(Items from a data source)
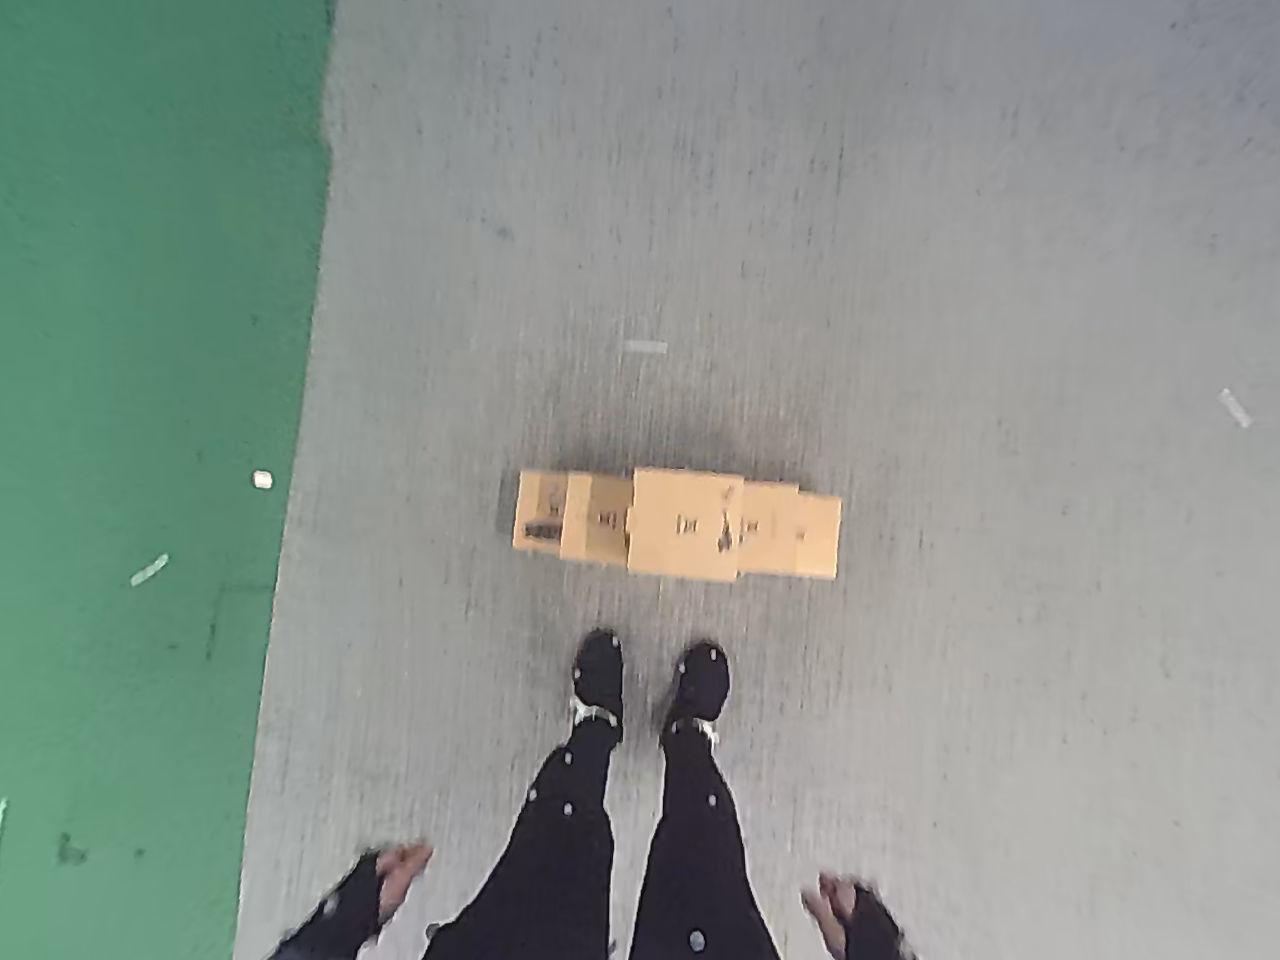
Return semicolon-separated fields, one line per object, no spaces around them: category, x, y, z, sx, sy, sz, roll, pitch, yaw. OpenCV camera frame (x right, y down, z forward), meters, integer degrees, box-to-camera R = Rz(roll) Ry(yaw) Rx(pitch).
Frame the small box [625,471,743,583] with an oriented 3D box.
small box;0.074;0.079;0.930;0.179;0.176;0.168;5;87;3

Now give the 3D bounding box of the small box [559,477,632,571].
small box;-0.054;0.090;1.098;0.179;0.176;0.168;6;86;4

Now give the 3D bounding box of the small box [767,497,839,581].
small box;0.346;0.130;1.245;0.168;0.176;0.179;5;86;3

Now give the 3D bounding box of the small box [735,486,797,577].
small box;0.205;0.100;1.088;0.179;0.176;0.168;3;86;1
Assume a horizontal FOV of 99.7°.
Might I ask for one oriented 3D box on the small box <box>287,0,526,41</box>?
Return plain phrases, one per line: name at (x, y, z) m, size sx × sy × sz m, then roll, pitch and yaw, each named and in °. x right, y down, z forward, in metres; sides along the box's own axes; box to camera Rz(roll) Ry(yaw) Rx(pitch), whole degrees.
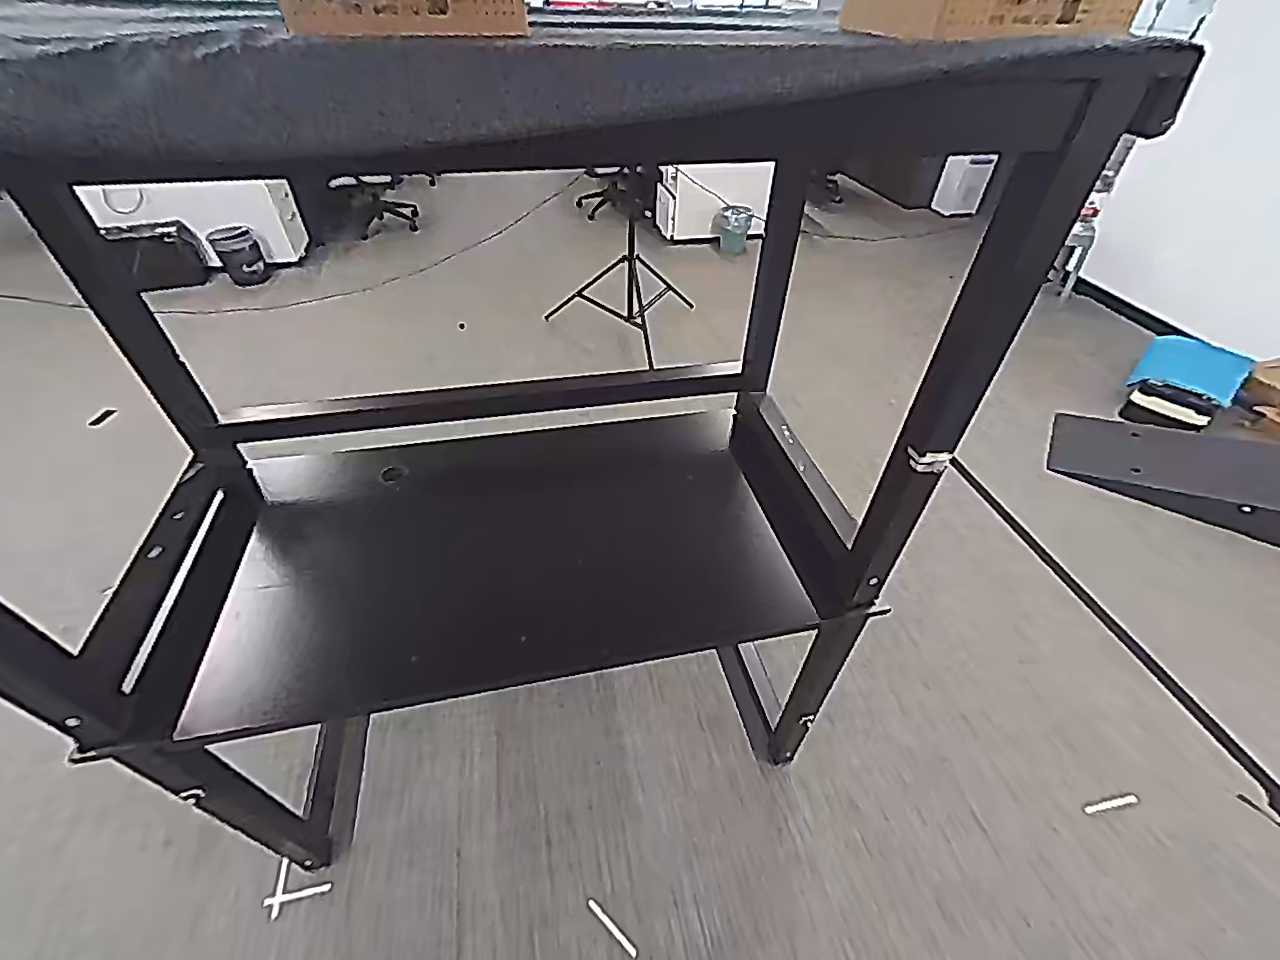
small box at (-0.180, -0.432, 0.395) m, size 0.168 × 0.176 × 0.179 m, roll -8°, pitch 41°, yaw -10°

» **Instructions for the task**: No pictures belong in the copy. Retype exactly, and only, the lines from the line containing "Return plain phrases, one" through the last line of the data, both included.

» **Exercise result**:
Return plain phrases, one per line: name at (x, y, z) m, size sx × sy × sz m, then roll, pitch and yaw, each named and in °. x right, y down, z forward, in metres; sides along the box's own axes; box to camera Rz(roll) Ry(yaw) Rx(pitch), whole degrees.
small box at (-0.180, -0.432, 0.395) m, size 0.168 × 0.176 × 0.179 m, roll -8°, pitch 41°, yaw -10°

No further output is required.